(About this exercise) Transcribe the listing verbatim. Do not carry over any pictures.

(Entries shown)
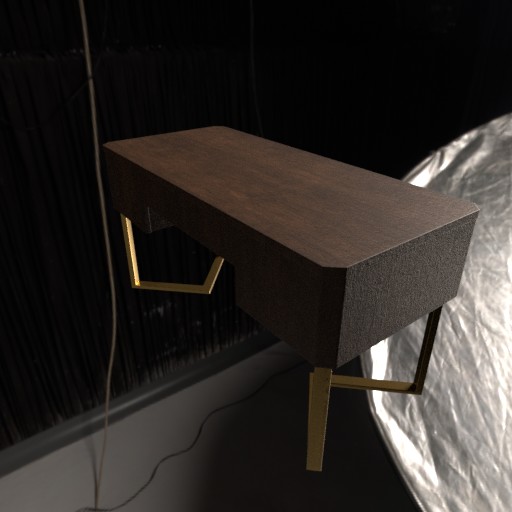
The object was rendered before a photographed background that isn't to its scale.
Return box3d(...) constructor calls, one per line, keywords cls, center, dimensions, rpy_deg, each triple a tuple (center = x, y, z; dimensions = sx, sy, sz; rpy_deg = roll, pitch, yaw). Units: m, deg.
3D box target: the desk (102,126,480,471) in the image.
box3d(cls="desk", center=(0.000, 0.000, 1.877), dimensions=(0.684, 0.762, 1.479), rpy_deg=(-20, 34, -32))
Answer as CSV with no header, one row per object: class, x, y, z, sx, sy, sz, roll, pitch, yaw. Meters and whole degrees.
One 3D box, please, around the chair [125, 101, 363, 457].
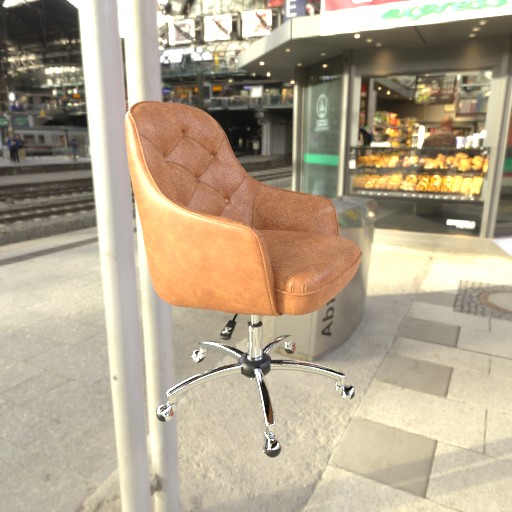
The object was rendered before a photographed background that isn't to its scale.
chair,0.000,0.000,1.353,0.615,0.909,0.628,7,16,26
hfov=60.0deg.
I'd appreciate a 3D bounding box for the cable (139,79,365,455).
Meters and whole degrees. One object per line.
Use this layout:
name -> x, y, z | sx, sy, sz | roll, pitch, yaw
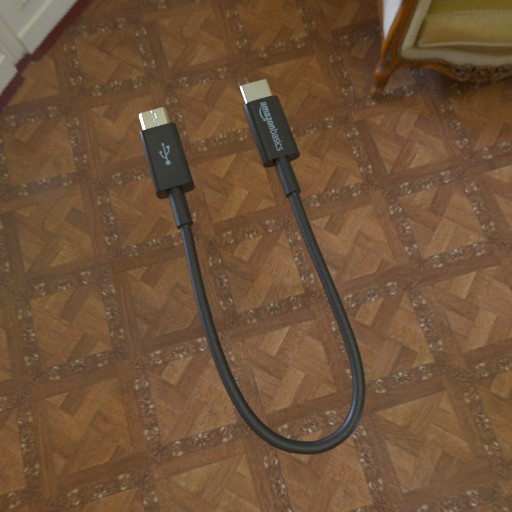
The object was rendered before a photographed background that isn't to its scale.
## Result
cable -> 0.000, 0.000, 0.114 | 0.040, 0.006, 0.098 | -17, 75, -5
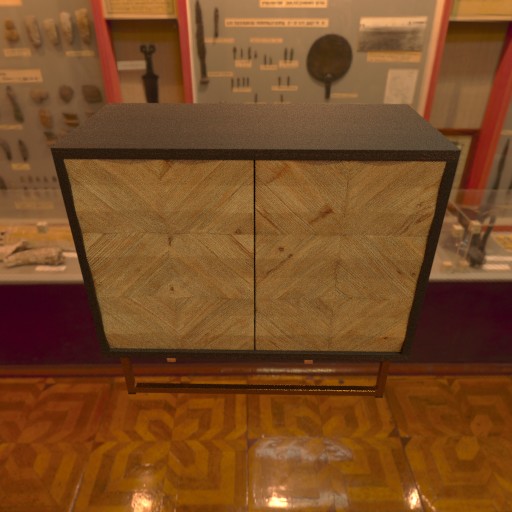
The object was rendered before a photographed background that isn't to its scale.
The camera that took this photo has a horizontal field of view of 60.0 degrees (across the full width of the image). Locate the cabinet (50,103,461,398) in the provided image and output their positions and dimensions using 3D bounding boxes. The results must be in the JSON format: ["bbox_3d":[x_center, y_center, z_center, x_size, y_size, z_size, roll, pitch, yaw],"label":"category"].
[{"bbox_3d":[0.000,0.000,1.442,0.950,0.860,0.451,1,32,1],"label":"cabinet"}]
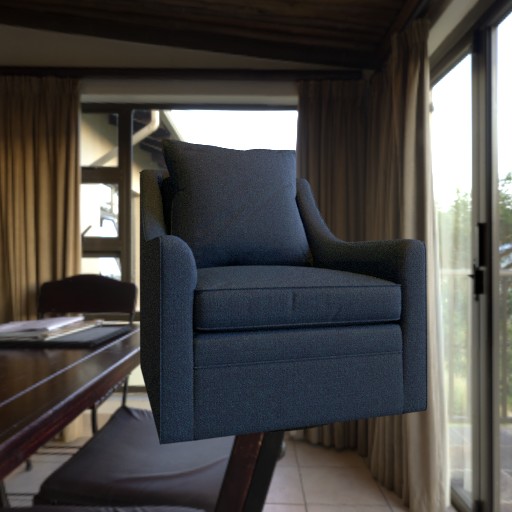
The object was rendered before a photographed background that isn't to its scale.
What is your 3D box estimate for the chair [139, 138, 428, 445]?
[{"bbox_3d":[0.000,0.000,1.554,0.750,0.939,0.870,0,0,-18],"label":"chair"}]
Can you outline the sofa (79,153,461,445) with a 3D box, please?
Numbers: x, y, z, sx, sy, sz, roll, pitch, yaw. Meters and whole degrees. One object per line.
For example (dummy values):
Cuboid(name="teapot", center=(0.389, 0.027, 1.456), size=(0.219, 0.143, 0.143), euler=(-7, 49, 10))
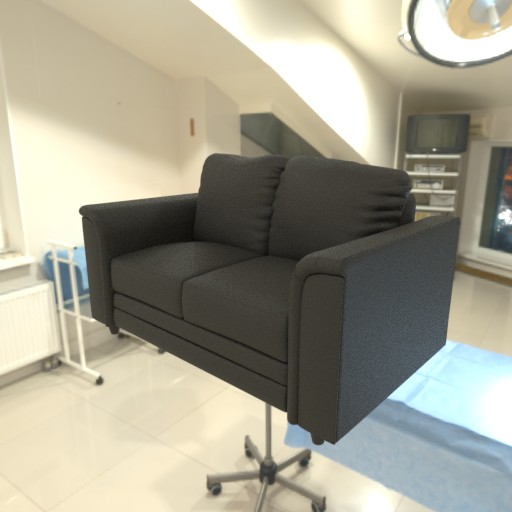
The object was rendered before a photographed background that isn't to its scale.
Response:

(Result for this task)
The object was rendered before a photographed background that isn't to its scale.
Return box3d(...) constructor calls, one per line, keywords cls, center, dimensions, rpy_deg, each triple a tuple (center = x, y, z; dimensions = sx, sy, sz; rpy_deg = roll, pitch, yaw). Units: m, deg.
3D box target: the desk (102,126,480,471) in the image.
box3d(cls="desk", center=(0.000, 0.000, 1.877), dimensions=(0.684, 0.762, 1.479), rpy_deg=(-20, 34, -32))
Answer as CSV with no header, one row per object: class, x, y, z, sx, sy, sz, roll, pitch, yaw. Meters and whole degrees.
One 3D box, please, around the chair [125, 101, 363, 457].
The object was rendered before a photographed background that isn't to its scale.
chair,0.000,0.000,1.353,0.615,0.909,0.628,7,16,26
hfov=60.0deg.
I'd appreciate a 3D bounding box for the cable (139,79,365,455).
Meters and whole degrees. One object per line.
Use this layout:
name -> x, y, z | sx, sy, sz | roll, pitch, yaw
The object was rendered before a photographed background that isn't to its scale.
## Result
cable -> 0.000, 0.000, 0.114 | 0.040, 0.006, 0.098 | -17, 75, -5
The object was rendered before a photographed background that isn't to its scale.
The camera that took this photo has a horizontal field of view of 60.0 degrees (across the full width of the image). Locate the cabinet (50,103,461,398) in the provided image and output their positions and dimensions using 3D bounding boxes. The results must be in the JSON format: ["bbox_3d":[x_center, y_center, z_center, x_size, y_size, z_size, roll, pitch, yaw],"label":"category"].
[{"bbox_3d":[0.000,0.000,1.442,0.950,0.860,0.451,1,32,1],"label":"cabinet"}]
The object was rendered before a photographed background that isn't to its scale.
What is your 3D box estimate for the chair [139, 138, 428, 445]?
[{"bbox_3d":[0.000,0.000,1.554,0.750,0.939,0.870,0,0,-18],"label":"chair"}]
Can you outline the sofa (79,153,461,445) with a 3D box, please?
Numbers: x, y, z, sx, sy, sz, roll, pitch, yaw. Meters and whole degrees. One object per line.
For example (dummy values):
Cuboid(name="teapot", center=(0.389, 0.027, 1.456), size=(0.219, 0.143, 0.143), euler=(-7, 49, 10))
The object was rendered before a photographed background that isn't to its scale.
Response:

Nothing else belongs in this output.